Pie crust confusion

Hi! I made a buttermilk chess pie yesterday and the weirdest thing happened. I made one full pie and I had extra dough and filling so I lined some muffin tins with raw dough and filled them just to see what would happen. The crust textures were entirely different! I'm very confused why. The mini pies were flaky and tender, the crust was perfect. On the big pie though, the crust was tough and leathery! The only difference was blinding baking. I blind baked the large pie before adding the filling. I blind baked it at around 400 and then the mini pies were around 350. It definitely wasn't my crust recipe or method because I used the same dough for both. Anyway, I was just wondering if anyone had any thoughts on why the crust textures would be so different. Thank you!

Callie
  • Posted by: Callie
  • November 18, 2018
  • 3014 views
  • 3 Comments

3 Comments

Smaug November 18, 2018
I don't think overbaking a crust can make it tough, I've never noticed it and I have overbaked pies. Since volume is a cube function and area a square function, the proportion of filling to crust will be much higher in the large pie; this could effect the crust through more weight, more moisture absorbed from the filling, or the difference that the thermal mass of the filling would make in the baking characteristics- possibly others I haven't thought of. It would certainly be interesting to do some experiments if you don't mind having a lot of pies around.
 
Hana A. November 18, 2018
Hi Callie - That is interesting! I'm wondering if maybe you took the par baking a bit longer than needed (hence the toughness). Without knowing how long you par baked it, perhaps reducing the time to just 12-15 minutes would help (read more on par baking here: https://food52.com/blog/10858-everything-you-need-to-know-about-par-baking, and our baking pro Erin McDowell's Maple Chess Pie tips here: https://food52.com/recipes/32159-maple-chess-pie).

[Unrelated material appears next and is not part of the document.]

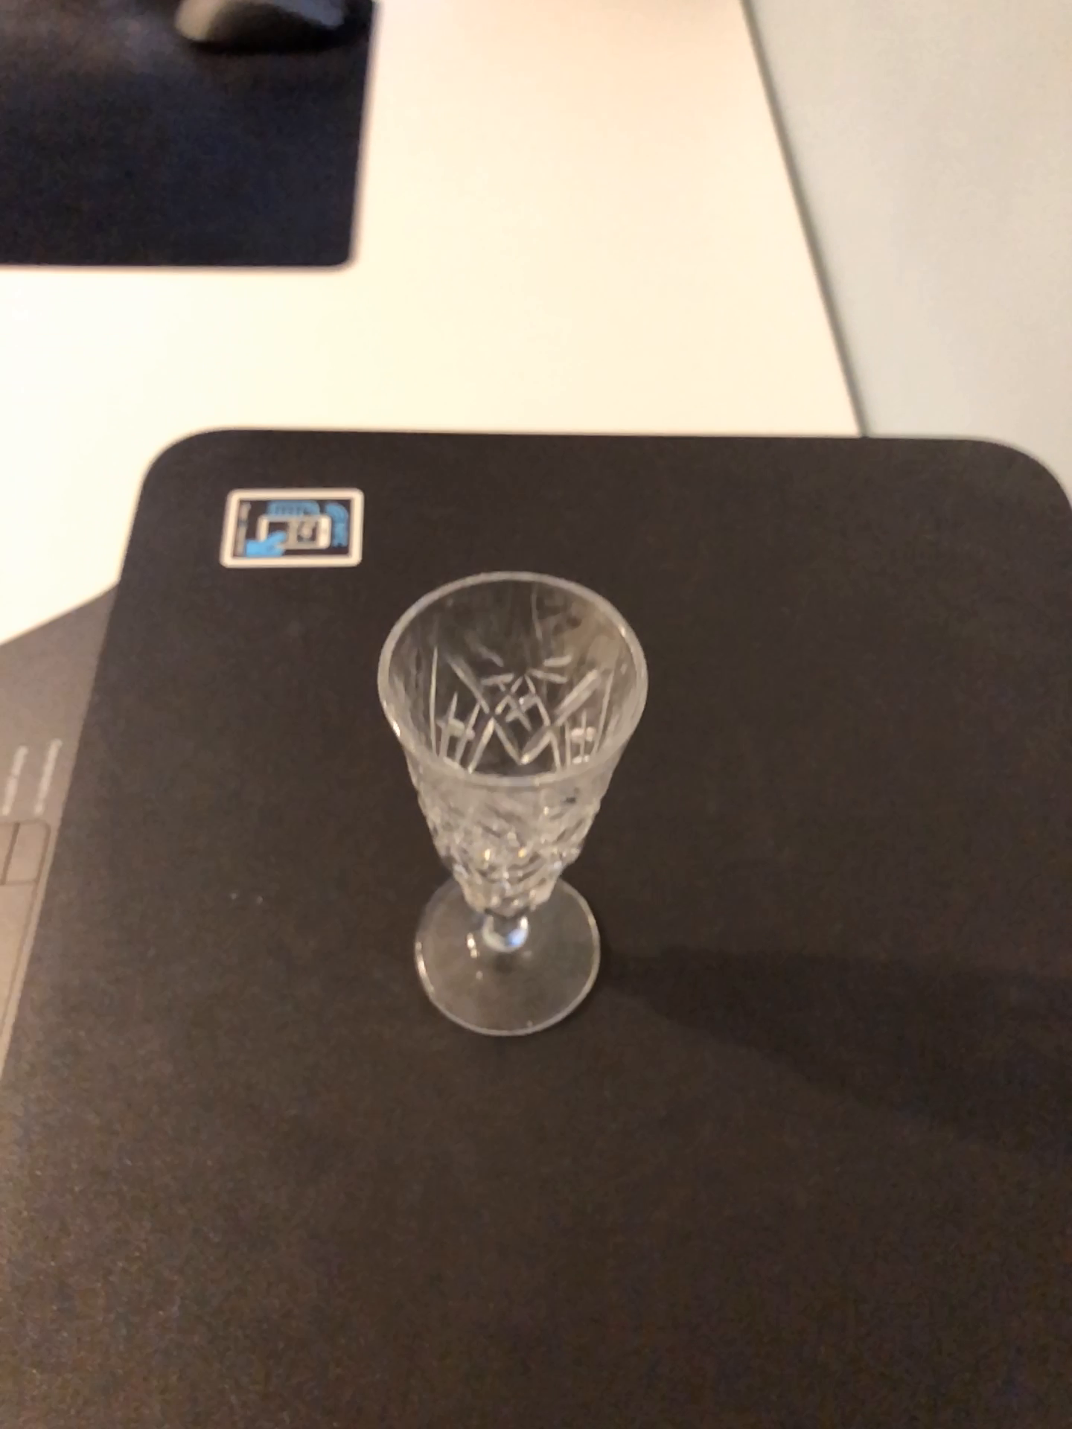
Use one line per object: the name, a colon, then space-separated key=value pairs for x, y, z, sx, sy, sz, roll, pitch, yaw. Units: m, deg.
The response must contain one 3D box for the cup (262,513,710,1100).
cup: x=-0.009 y=0.025 z=0.250 sx=0.054 sy=0.109 sz=0.057 roll=1 pitch=55 yaw=-1

My theory for your little guys is that the smaller surface area and slightly lower oven temp allowed everything to bake up nice and even, without overdoing it on the custard and giving ample time on the crust.

Would love to know what others think!
 
Callie November 18, 2018
Hmm, that could be! I probably baked it for more than 20. So, in general, over baking can lead to toughness? Thanks for responding!